━━━━━ MATERIAL FOR THIS TASK ━━━━━
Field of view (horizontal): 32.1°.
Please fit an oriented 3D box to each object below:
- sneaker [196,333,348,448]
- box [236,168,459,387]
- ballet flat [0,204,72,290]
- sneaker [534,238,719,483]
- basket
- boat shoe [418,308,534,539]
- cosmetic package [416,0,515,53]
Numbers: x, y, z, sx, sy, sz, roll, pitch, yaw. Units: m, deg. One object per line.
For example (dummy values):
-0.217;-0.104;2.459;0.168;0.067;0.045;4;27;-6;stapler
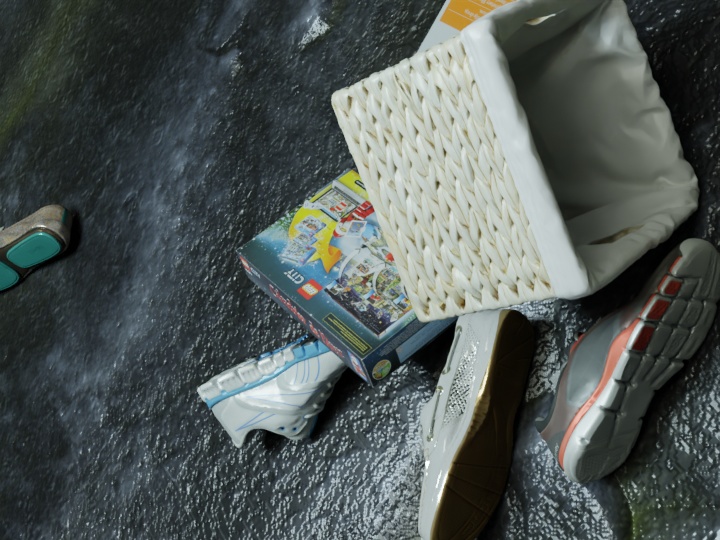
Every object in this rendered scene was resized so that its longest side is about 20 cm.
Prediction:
-0.049;0.104;1.135;0.199;0.075;0.087;-25;92;25;sneaker
0.000;0.000;1.093;0.136;0.038;0.200;-37;45;-15;box
-0.417;-0.027;1.510;0.199;0.068;0.068;-20;43;30;ballet flat
0.188;0.056;0.928;0.201;0.077;0.082;-59;41;8;sneaker
0.117;-0.087;0.920;0.160;0.198;0.201;-18;99;43;basket
0.080;0.126;1.003;0.069;0.071;0.201;5;70;43;boat shoe
0.096;-0.157;1.085;0.101;0.071;0.201;36;100;43;cosmetic package
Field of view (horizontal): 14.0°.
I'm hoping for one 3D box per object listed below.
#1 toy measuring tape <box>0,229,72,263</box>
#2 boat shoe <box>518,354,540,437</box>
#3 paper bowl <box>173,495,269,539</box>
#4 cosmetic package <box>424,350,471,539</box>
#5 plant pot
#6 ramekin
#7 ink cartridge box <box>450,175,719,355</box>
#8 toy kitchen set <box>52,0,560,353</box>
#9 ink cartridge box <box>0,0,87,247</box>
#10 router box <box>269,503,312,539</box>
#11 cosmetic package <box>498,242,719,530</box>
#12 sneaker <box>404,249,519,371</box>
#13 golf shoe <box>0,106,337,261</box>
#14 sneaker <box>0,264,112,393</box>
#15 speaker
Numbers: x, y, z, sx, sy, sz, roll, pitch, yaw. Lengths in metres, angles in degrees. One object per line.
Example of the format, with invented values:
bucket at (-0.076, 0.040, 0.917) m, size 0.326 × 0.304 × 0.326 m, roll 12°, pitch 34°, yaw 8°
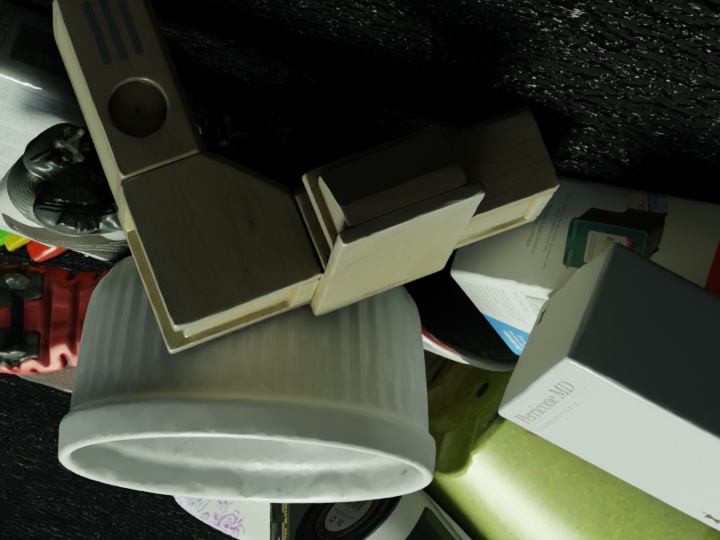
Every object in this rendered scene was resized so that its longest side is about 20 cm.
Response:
toy measuring tape at (-0.163, -0.054, 1.706) m, size 0.073 × 0.074 × 0.200 m, roll 28°, pitch 145°, yaw -29°
boat shoe at (0.181, 0.043, 1.593) m, size 0.199 × 0.072 × 0.072 m, roll -10°, pitch 165°, yaw 19°
paper bowl at (-0.027, 0.146, 2.118) m, size 0.200 × 0.105 × 0.201 m, roll 18°, pitch 164°, yaw 5°
cosmetic package at (0.045, 0.148, 1.844) m, size 0.081 × 0.201 × 0.113 m, roll 2°, pitch 164°, yaw -7°
plant pot at (0.129, 0.116, 1.723) m, size 0.184 × 0.201 × 0.200 m, roll 38°, pitch 158°, yaw -21°
ramekin at (-0.058, 0.055, 1.550) m, size 0.199 × 0.105 × 0.200 m, roll 2°, pitch 166°, yaw 0°
ink cartridge box at (0.161, 0.012, 1.511) m, size 0.199 × 0.067 × 0.116 m, roll 11°, pitch 161°, yaw 26°
toy kitchen set at (-0.025, -0.084, 1.402) m, size 0.199 × 0.181 × 0.163 m, roll -20°, pitch 171°, yaw -9°
ink cartridge box at (-0.220, -0.092, 1.601) m, size 0.162 × 0.057 × 0.200 m, roll 20°, pitch 160°, yaw -7°
router box at (-0.021, 0.151, 1.803) m, size 0.062 × 0.201 × 0.150 m, roll 0°, pitch 175°, yaw -5°
cosmetic package at (0.181, 0.074, 1.434) m, size 0.200 × 0.071 × 0.101 m, roll 28°, pitch 156°, yaw -7°
sneaker at (0.000, -0.001, 1.663) m, size 0.201 × 0.067 × 0.108 m, roll 27°, pitch 164°, yaw -15°
golf shoe at (-0.101, -0.043, 1.547) m, size 0.199 × 0.078 × 0.094 m, roll 6°, pitch 166°, yaw -32°
sneaker at (-0.137, 0.037, 1.736) m, size 0.200 × 0.071 × 0.098 m, roll 1°, pitch 168°, yaw 23°
speaker at (0.050, 0.207, 1.704) m, size 0.081 × 0.081 × 0.200 m, roll -3°, pitch 131°, yaw 53°
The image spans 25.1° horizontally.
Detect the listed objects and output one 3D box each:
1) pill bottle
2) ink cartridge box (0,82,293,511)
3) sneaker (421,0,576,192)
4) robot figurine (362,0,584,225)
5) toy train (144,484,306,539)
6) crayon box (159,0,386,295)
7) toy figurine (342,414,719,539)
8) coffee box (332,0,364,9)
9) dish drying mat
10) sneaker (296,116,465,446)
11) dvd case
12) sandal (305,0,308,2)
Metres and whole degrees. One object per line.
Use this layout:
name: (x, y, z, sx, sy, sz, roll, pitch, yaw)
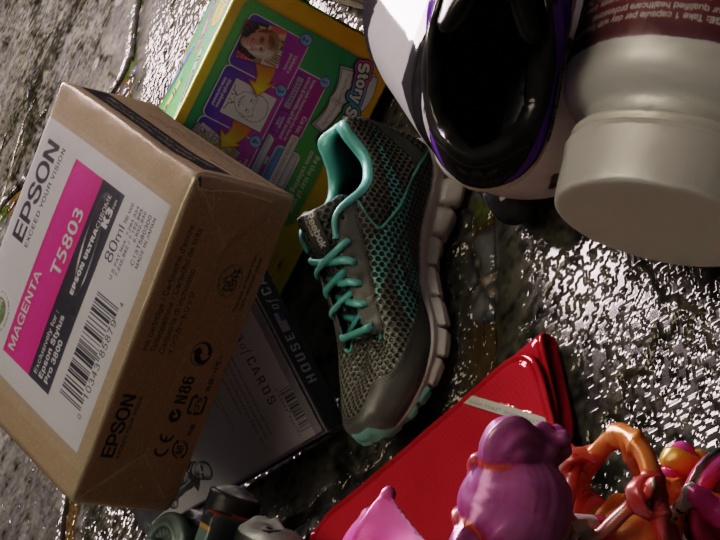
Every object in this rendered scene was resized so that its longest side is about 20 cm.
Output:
pill bottle: (0.155, -0.111, 0.720, 0.114, 0.114, 0.201, -9, 60, 56)
ink cartridge box: (-0.142, 0.012, 0.938, 0.165, 0.075, 0.201, 32, 105, 45)
sneaker: (0.064, -0.133, 0.701, 0.100, 0.069, 0.201, -21, -65, -79)
robot figurine: (0.070, -0.119, 0.849, 0.125, 0.150, 0.200, -43, 33, 11)
toy train: (-0.087, 0.222, 0.894, 0.114, 0.085, 0.201, 16, 85, 55)
crayon box: (-0.073, -0.082, 1.056, 0.201, 0.118, 0.058, -63, 21, 3)
toy figurine: (0.080, 0.118, 0.597, 0.150, 0.184, 0.201, 19, 84, 60)
coffee box: (-0.028, -0.304, 1.073, 0.201, 0.197, 0.200, -64, 29, 2)
dish drying mat: (0.035, 0.115, 0.839, 0.200, 0.018, 0.077, -44, 36, 32)
sneaker: (0.000, 0.000, 0.909, 0.078, 0.091, 0.201, -31, 44, 46)
dvd case: (-0.109, 0.067, 1.013, 0.200, 0.025, 0.151, -33, 82, 41)
sandal: (-0.109, -0.135, 1.232, 0.200, 0.045, 0.075, -50, 33, 24)
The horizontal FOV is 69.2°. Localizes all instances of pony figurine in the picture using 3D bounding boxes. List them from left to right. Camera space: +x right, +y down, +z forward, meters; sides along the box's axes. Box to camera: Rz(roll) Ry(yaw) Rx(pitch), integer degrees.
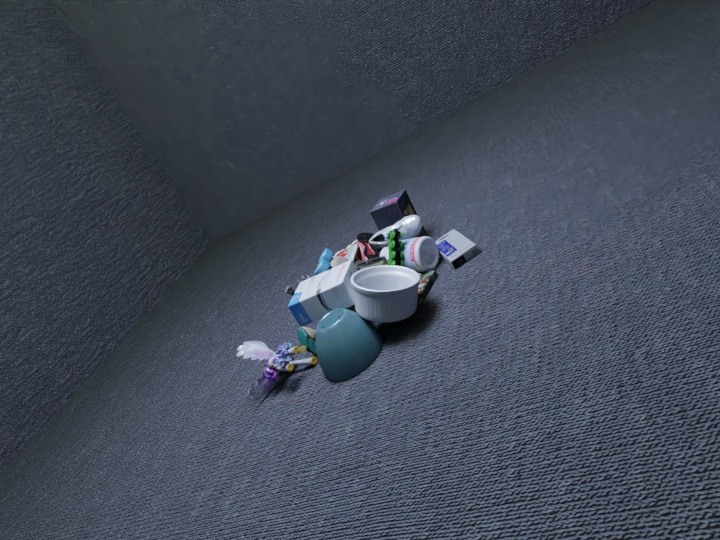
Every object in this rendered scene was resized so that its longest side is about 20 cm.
[{"bbox_3d":[-0.256,0.283,1.581,0.197,0.172,0.190,-18,-8,41],"label":"pony figurine"}]

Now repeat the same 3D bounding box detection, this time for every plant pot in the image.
[{"bbox_3d":[-0.050,0.188,1.467,0.196,0.137,0.201,-28,21,11],"label":"plant pot"}]

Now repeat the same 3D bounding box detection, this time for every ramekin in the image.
[{"bbox_3d":[0.071,0.065,1.464,0.193,0.101,0.201,-3,20,1],"label":"ramekin"}]

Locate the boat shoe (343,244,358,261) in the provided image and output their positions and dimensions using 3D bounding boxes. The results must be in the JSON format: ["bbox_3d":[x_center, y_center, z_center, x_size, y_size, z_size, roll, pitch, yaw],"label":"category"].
[{"bbox_3d":[-0.068,-0.014,1.926,0.070,0.070,0.205,98,-166,-71],"label":"boat shoe"}]

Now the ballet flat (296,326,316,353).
[{"bbox_3d":[-0.144,0.223,1.656,0.061,0.070,0.199,-10,15,-24],"label":"ballet flat"}]

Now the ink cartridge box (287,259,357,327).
[{"bbox_3d":[-0.102,0.068,1.566,0.196,0.086,0.146,-23,21,22],"label":"ink cartridge box"}]

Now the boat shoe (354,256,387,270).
[{"bbox_3d":[0.000,0.000,1.702,0.194,0.066,0.074,-10,-27,-14],"label":"boat shoe"}]

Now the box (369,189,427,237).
[{"bbox_3d":[0.139,-0.161,1.859,0.120,0.203,0.106,-16,22,35],"label":"box"}]

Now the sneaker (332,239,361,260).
[{"bbox_3d":[-0.035,-0.054,2.009,0.200,0.078,0.084,-45,27,-19],"label":"sneaker"}]

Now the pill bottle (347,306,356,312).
[{"bbox_3d":[-0.020,0.092,1.663,0.196,0.113,0.112,-26,21,17],"label":"pill bottle"}]

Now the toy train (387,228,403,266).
[{"bbox_3d":[0.108,-0.030,1.662,0.041,0.207,0.056,-2,1,-28],"label":"toy train"}]

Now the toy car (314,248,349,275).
[{"bbox_3d":[-0.097,0.068,1.818,0.202,0.181,0.178,-56,10,23],"label":"toy car"}]

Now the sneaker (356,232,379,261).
[{"bbox_3d":[0.023,-0.065,1.941,0.071,0.089,0.203,-1,38,-8],"label":"sneaker"}]

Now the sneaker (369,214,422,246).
[{"bbox_3d":[0.116,-0.124,1.759,0.197,0.077,0.088,-24,-5,34],"label":"sneaker"}]

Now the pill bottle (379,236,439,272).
[{"bbox_3d":[0.156,-0.047,1.716,0.197,0.110,0.109,-6,32,51],"label":"pill bottle"}]

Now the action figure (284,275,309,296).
[{"bbox_3d":[-0.223,0.077,2.015,0.118,0.102,0.201,-40,20,13],"label":"action figure"}]

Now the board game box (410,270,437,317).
[{"bbox_3d":[0.155,0.074,1.577,0.103,0.024,0.201,-17,26,41],"label":"board game box"}]

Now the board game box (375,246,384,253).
[{"bbox_3d":[0.123,-0.114,2.024,0.197,0.029,0.136,-33,20,3],"label":"board game box"}]

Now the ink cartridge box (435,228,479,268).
[{"bbox_3d":[0.299,-0.073,1.669,0.093,0.038,0.201,-33,23,2],"label":"ink cartridge box"}]
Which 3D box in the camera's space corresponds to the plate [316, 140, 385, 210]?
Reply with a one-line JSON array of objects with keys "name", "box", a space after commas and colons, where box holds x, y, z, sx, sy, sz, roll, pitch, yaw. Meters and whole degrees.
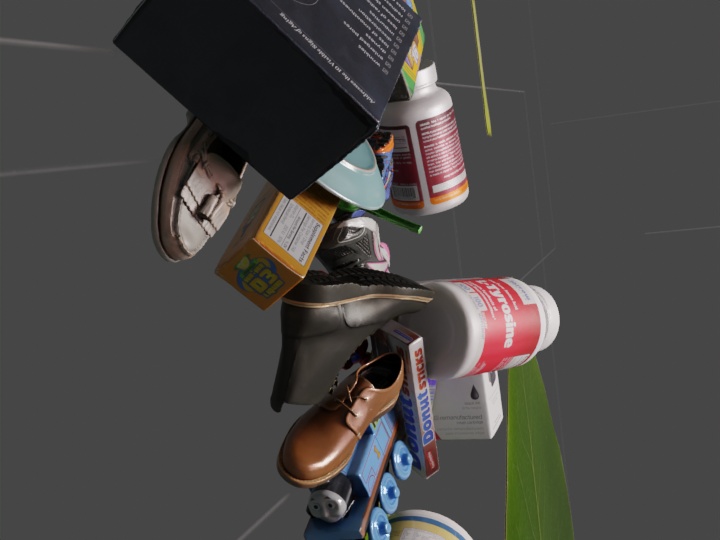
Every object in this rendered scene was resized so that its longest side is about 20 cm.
[{"name": "plate", "box": [-0.040, -0.144, 1.022, 0.200, 0.026, 0.200, 39, 24, -21]}]

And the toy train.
[{"name": "toy train", "box": [-0.007, 0.225, 1.105, 0.114, 0.087, 0.200, 64, 28, -25]}]

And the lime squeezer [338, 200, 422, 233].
[{"name": "lime squeezer", "box": [-0.017, -0.102, 1.134, 0.200, 0.071, 0.038, 41, 46, -7]}]

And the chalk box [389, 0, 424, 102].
[{"name": "chalk box", "box": [-0.015, -0.303, 1.145, 0.200, 0.125, 0.124, 66, 27, -45]}]

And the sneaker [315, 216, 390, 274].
[{"name": "sneaker", "box": [0.000, 0.000, 1.155, 0.200, 0.080, 0.086, 31, 43, -65]}]

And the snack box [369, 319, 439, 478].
[{"name": "snack box", "box": [0.051, 0.148, 1.158, 0.024, 0.072, 0.200, -29, 127, -29]}]

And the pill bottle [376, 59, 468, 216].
[{"name": "pill bottle", "box": [0.082, -0.187, 1.401, 0.113, 0.113, 0.200, -57, 138, -60]}]

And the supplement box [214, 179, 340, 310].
[{"name": "supplement box", "box": [-0.071, -0.051, 0.982, 0.069, 0.067, 0.200, 42, 36, -13]}]

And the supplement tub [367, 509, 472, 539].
[{"name": "supplement tub", "box": [0.053, 0.385, 1.131, 0.200, 0.144, 0.145, -54, 135, -61]}]

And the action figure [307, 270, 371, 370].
[{"name": "action figure", "box": [-0.022, 0.069, 1.140, 0.200, 0.052, 0.066, 55, 48, -58]}]

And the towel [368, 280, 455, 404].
[{"name": "towel", "box": [0.058, 0.113, 1.227, 0.144, 0.023, 0.200, -13, 119, -50]}]

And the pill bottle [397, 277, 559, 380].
[{"name": "pill bottle", "box": [0.148, 0.065, 1.186, 0.200, 0.112, 0.112, -4, 89, -46]}]

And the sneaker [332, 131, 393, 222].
[{"name": "sneaker", "box": [0.008, -0.105, 1.241, 0.200, 0.075, 0.079, -61, 144, -55]}]

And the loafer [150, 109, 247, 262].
[{"name": "loafer", "box": [-0.127, -0.095, 0.871, 0.072, 0.063, 0.200, 64, 28, -46]}]

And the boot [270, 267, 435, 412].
[{"name": "boot", "box": [-0.014, 0.072, 1.051, 0.200, 0.077, 0.139, 1, 104, -40]}]

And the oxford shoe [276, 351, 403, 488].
[{"name": "oxford shoe", "box": [-0.019, 0.148, 1.043, 0.200, 0.071, 0.071, -44, 162, -45]}]

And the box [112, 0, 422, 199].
[{"name": "box", "box": [-0.070, -0.207, 0.860, 0.200, 0.124, 0.197, 42, 36, -17]}]

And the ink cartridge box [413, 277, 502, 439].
[{"name": "ink cartridge box", "box": [0.103, 0.119, 1.335, 0.083, 0.145, 0.200, -37, 120, -66]}]
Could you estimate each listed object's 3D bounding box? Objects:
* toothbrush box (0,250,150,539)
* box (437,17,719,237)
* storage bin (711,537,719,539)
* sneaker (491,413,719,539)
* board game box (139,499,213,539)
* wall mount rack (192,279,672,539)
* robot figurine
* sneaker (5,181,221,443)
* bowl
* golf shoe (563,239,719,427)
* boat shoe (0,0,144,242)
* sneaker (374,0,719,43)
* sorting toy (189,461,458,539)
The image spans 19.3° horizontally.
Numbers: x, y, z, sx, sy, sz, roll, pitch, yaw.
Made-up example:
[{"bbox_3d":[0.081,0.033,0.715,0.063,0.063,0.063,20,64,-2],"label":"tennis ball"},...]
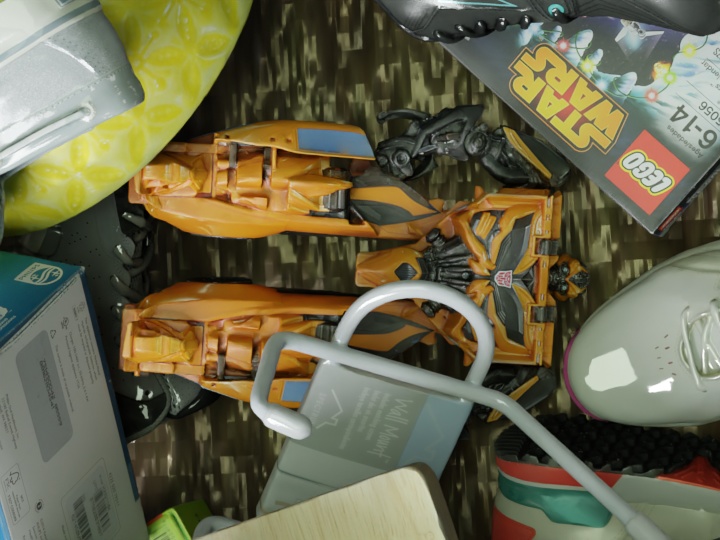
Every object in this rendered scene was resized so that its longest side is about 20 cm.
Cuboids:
━━━━━
> _ACTIVITY_:
For every line in the material above that holds the string "spans", add one to a count; state only the final count.

> _WRITTEN ANSWER_:
2